Now he drills into me that I am worthless – because of what I am. Now can someone tell me, how does one change oneself, that same self you have become comfortable with all these years in just a matter of 1 year or so? And that too CHANGE because someone else wants you to change, can’t accept you the way you are or maybe gets irritated because of the way you are. Imagine my plight having to put up with it all through.

I completely accept genuine flaws. But I am quite sure not everything about me can be so disastrous, right? Either till date I have been under the spell that I am accepted in my skin or else the world has been blind to my seemingly blaring flaws.
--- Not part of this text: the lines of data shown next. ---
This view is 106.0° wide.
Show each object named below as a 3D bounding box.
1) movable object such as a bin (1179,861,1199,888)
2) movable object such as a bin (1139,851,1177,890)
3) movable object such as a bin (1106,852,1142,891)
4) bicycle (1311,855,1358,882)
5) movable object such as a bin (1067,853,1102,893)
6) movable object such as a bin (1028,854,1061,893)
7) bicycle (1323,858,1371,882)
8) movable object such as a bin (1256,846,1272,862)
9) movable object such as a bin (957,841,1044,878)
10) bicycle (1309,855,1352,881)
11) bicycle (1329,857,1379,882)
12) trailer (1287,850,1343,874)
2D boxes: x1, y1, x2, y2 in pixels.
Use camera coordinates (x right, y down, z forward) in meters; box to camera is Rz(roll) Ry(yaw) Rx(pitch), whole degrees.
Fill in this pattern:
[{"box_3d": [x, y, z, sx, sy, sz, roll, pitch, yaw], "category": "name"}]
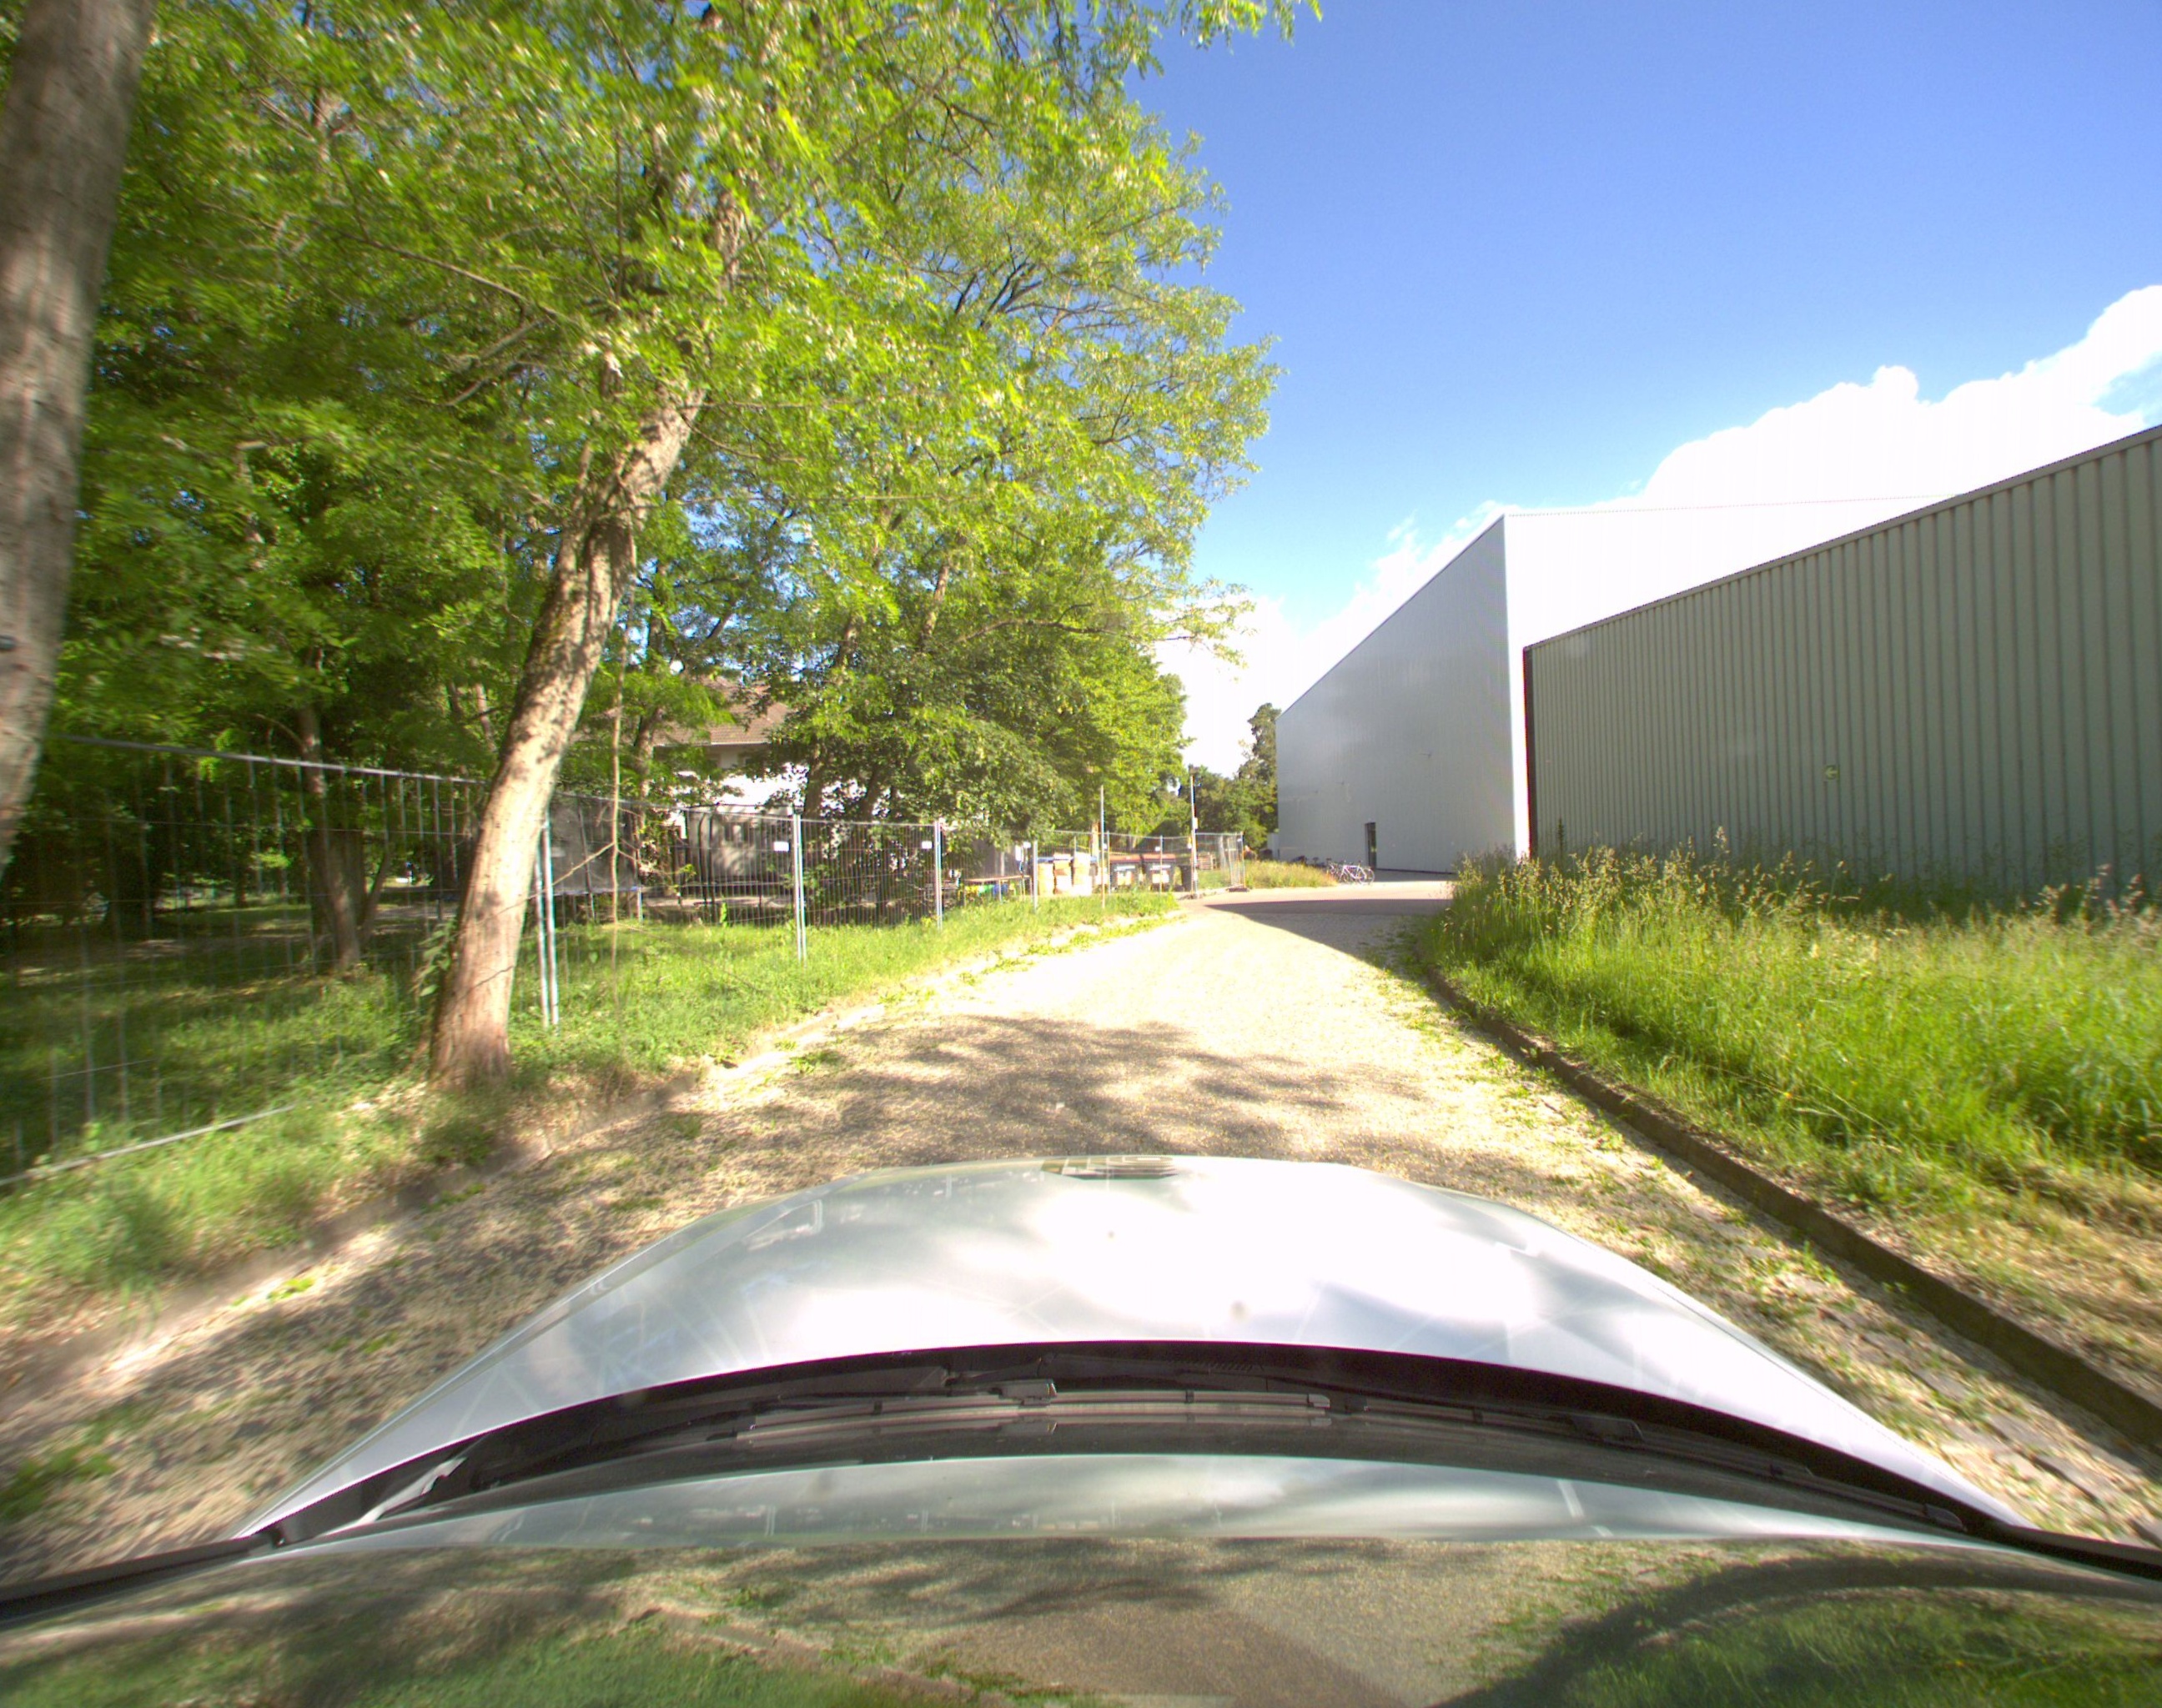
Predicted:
[{"box_3d": [4.108, 0.782, 30.901, 0.636, 1.007, 0.608, -2, -1, 18], "category": "movable object such as a bin"}, {"box_3d": [2.940, 0.634, 31.154, 1.284, 1.426, 1.032, -2, 0, -2], "category": "movable object such as a bin"}, {"box_3d": [1.630, 0.658, 31.131, 1.283, 1.426, 1.032, -2, 0, 0], "category": "movable object such as a bin"}, {"box_3d": [11.176, 0.636, 35.929, 1.876, 1.082, 0.433, -2, -1, 1], "category": "bicycle"}, {"box_3d": [0.145, 0.720, 31.180, 1.283, 1.426, 1.032, -2, 0, 0], "category": "movable object such as a bin"}, {"box_3d": [-1.398, 0.725, 31.278, 1.079, 1.438, 1.057, -2, 0, 4], "category": "movable object such as a bin"}, {"box_3d": [11.325, 0.682, 34.675, 1.876, 0.978, 0.433, -2, -1, 1], "category": "bicycle"}, {"box_3d": [20.207, 0.005, 89.869, 1.357, 1.656, 2.846, -2, 0, 5], "category": "movable object such as a bin"}, {"box_3d": [-4.680, 0.336, 48.073, 4.855, 1.970, 1.932, -2, 0, 0], "category": "movable object such as a bin"}, {"box_3d": [11.783, 0.651, 38.508, 1.876, 1.126, 0.433, -2, -1, 1], "category": "bicycle"}, {"box_3d": [11.211, 0.627, 33.464, 1.876, 0.978, 0.433, -2, -1, 1], "category": "bicycle"}, {"box_3d": [12.706, 0.445, 44.295, 2.700, 1.200, 1.246, -2, 0, 1], "category": "trailer"}]

Know what, he has this mirror constantly held unto me, something I do not always like to peep into. In fact, it’s more a magnifying glass that is held unto me. He is a sweet talker. Trust me – you must learn the oratory skills from him. Demeaning the other person outright while not explicitly insulting you but implying more than what those words could actually say!

He is the leech that is sucking out the positive energy (whatever little is left), every ounce of confidence, every bit of self-esteem, leaving me completely hollow. I have started doubting my capability, my identity, wonder if all the efforts were worth it!

Like the sugarcane is crushed till the last drop is squeezed out, so are you put under the survival test. In the end one thing’s for sure, either you are dismissed as waste or you decide to dismiss yourself, maybe even from this very stage of LIFE!!

P.S: This person is not even remotely connected to me, yet I am myself zonked by his power of disturbing me so much.